The required output is the stretch from the line containing "Image width covers" through the line containing "#4 fork (348,131,406,221)" in the records below, unaltered and with no pictures.

Dataset entries:
==============================
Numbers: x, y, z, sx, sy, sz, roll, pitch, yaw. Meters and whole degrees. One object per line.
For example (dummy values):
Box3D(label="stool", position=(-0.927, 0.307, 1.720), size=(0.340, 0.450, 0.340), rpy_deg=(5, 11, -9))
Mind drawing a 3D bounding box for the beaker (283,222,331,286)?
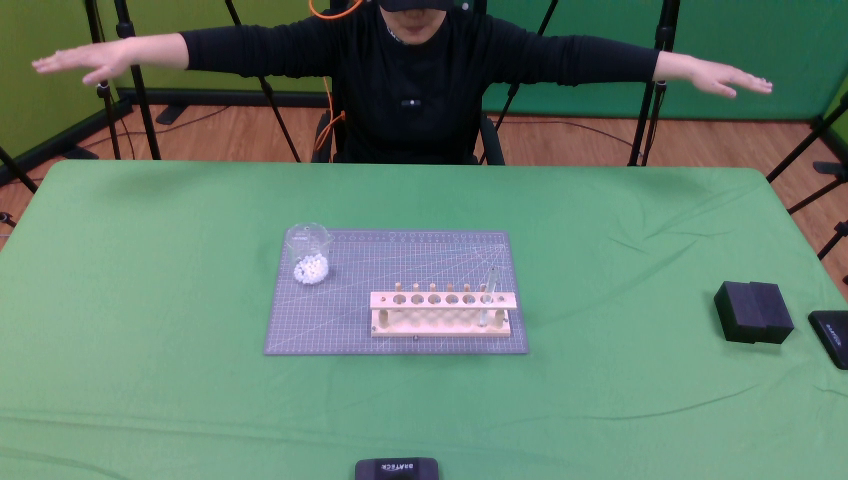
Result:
Box3D(label="beaker", position=(-0.208, 0.028, 1.098), size=(0.084, 0.101, 0.073), rpy_deg=(2, 46, -4))

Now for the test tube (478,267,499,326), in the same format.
Box3D(label="test tube", position=(0.105, 0.096, 0.997), size=(0.017, 0.151, 0.017), rpy_deg=(2, 49, -2))

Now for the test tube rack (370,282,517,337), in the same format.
Box3D(label="test tube rack", position=(0.030, 0.116, 1.041), size=(0.242, 0.085, 0.066), rpy_deg=(1, 46, -4))
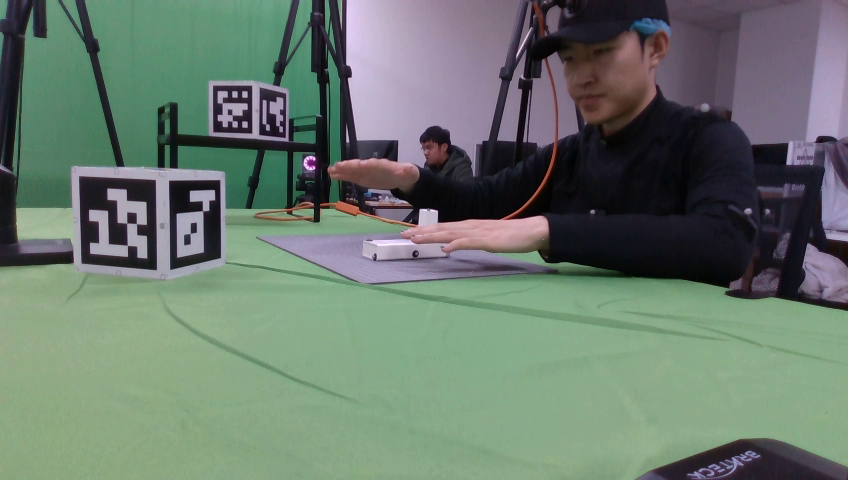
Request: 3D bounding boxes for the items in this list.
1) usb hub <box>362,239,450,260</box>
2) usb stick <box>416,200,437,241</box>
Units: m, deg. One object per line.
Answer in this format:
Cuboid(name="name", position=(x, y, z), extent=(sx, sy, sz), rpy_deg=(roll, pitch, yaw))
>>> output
Cuboid(name="usb hub", position=(-0.026, 0.013, 0.894), extent=(0.126, 0.025, 0.049), rpy_deg=(-1, 7, -31))
Cuboid(name="usb stick", position=(0.003, -0.030, 0.902), extent=(0.027, 0.059, 0.021), rpy_deg=(2, 16, 30))
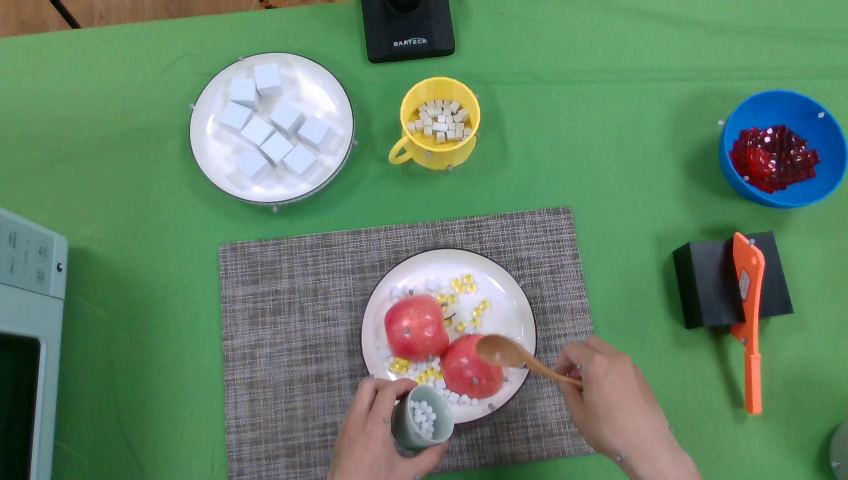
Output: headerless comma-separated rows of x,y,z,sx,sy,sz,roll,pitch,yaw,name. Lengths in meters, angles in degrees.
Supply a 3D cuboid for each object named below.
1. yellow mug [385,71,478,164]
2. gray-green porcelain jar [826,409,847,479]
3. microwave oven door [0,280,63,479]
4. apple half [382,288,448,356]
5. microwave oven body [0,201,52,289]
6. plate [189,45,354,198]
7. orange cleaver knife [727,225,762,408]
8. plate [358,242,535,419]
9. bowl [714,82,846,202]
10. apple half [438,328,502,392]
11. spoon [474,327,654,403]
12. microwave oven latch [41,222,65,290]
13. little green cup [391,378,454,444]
0.004,-0.145,0.769,0.131,0.064,0.099,-38,80,-8,yellow mug
0.518,0.233,0.657,0.106,0.127,0.105,0,77,-1,gray-green porcelain jar
-0.438,0.210,0.575,0.039,0.245,0.354,-4,77,-1,microwave oven door
-0.012,0.095,0.709,0.075,0.053,0.080,-9,78,0,apple half
-0.587,0.178,0.586,0.326,0.261,0.439,-3,78,-2,microwave oven body
-0.193,-0.150,0.782,0.208,0.039,0.206,0,77,0,plate
0.374,0.090,0.710,0.012,0.077,0.212,-5,101,2,orange cleaver knife
0.026,0.106,0.722,0.209,0.038,0.208,0,78,-1,plate
0.428,-0.111,0.758,0.151,0.077,0.150,0,78,0,bowl
0.054,0.141,0.708,0.081,0.033,0.081,0,74,1,apple half
0.137,0.131,0.622,0.192,0.021,0.042,18,120,34,spoon
-0.450,0.020,0.722,0.030,0.029,0.079,-1,78,-1,microwave oven latch
-0.003,0.179,0.628,0.062,0.039,0.061,19,41,-17,little green cup
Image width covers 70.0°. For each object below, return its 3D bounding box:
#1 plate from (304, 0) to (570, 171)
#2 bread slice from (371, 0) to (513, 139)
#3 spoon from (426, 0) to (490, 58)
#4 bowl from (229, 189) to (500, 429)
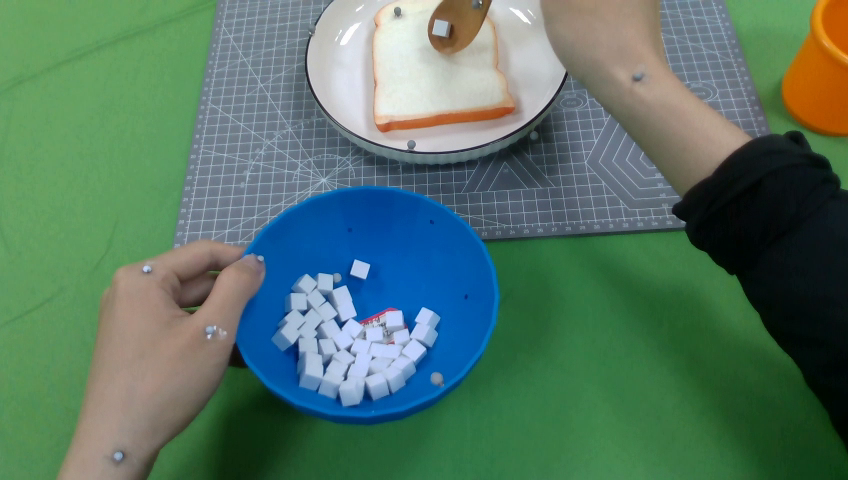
[{"bbox_3d":[0.009,-0.139,0.489,0.209,0.038,0.207,-2,63,4],"label":"plate"},{"bbox_3d":[0.006,-0.142,0.494,0.107,0.018,0.133,-10,64,0],"label":"bread slice"},{"bbox_3d":[0.055,-0.178,0.401,0.022,0.193,0.041,-25,90,-30],"label":"spoon"},{"bbox_3d":[-0.033,0.051,0.369,0.151,0.077,0.150,1,54,-2],"label":"bowl"}]
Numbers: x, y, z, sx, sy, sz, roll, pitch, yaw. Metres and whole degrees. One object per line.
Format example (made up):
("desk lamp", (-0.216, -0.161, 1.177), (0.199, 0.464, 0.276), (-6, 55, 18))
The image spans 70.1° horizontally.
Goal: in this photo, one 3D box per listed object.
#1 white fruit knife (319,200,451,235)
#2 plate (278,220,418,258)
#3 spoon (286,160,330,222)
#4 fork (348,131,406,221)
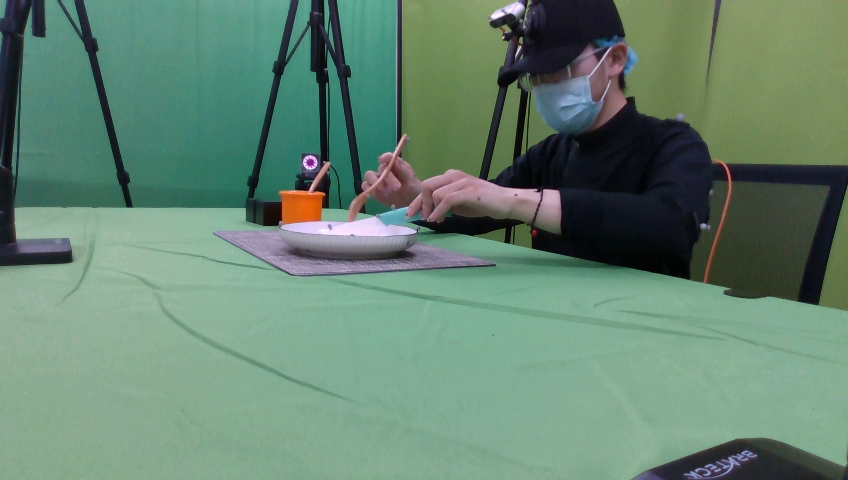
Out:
("white fruit knife", (-0.061, -0.030, 0.902), (0.207, 0.027, 0.016), (-12, 4, 13))
("plate", (-0.114, -0.002, 0.914), (0.209, 0.038, 0.209), (2, 7, 0))
("spoon", (-0.233, -0.101, 1.252), (0.041, 0.193, 0.022), (3, -38, 23))
("fork", (-0.076, -0.105, 1.005), (0.018, 0.207, 0.028), (20, -27, 23))
==============================
Answer space:
Image width covers 70.0°. For each object below, return its 3D bounding box:
#1 plate from (304, 0) to (570, 171)
#2 bread slice from (371, 0) to (513, 139)
#3 spoon from (426, 0) to (490, 58)
#4 bowl from (229, 189) to (500, 429)
[{"bbox_3d":[0.009,-0.139,0.489,0.209,0.038,0.207,-2,63,4],"label":"plate"},{"bbox_3d":[0.006,-0.142,0.494,0.107,0.018,0.133,-10,64,0],"label":"bread slice"},{"bbox_3d":[0.055,-0.178,0.401,0.022,0.193,0.041,-25,90,-30],"label":"spoon"},{"bbox_3d":[-0.033,0.051,0.369,0.151,0.077,0.150,1,54,-2],"label":"bowl"}]
Numbers: x, y, z, sx, sy, sz, roll, pitch, yaw. Metres and whole degrees. One object per line.
Format example (made up):
("desk lamp", (-0.216, -0.161, 1.177), (0.199, 0.464, 0.276), (-6, 55, 18))
The image spans 70.1° horizontally.
Goal: in this photo, one 3D box per listed object.
#1 white fruit knife (319,200,451,235)
#2 plate (278,220,418,258)
#3 spoon (286,160,330,222)
#4 fork (348,131,406,221)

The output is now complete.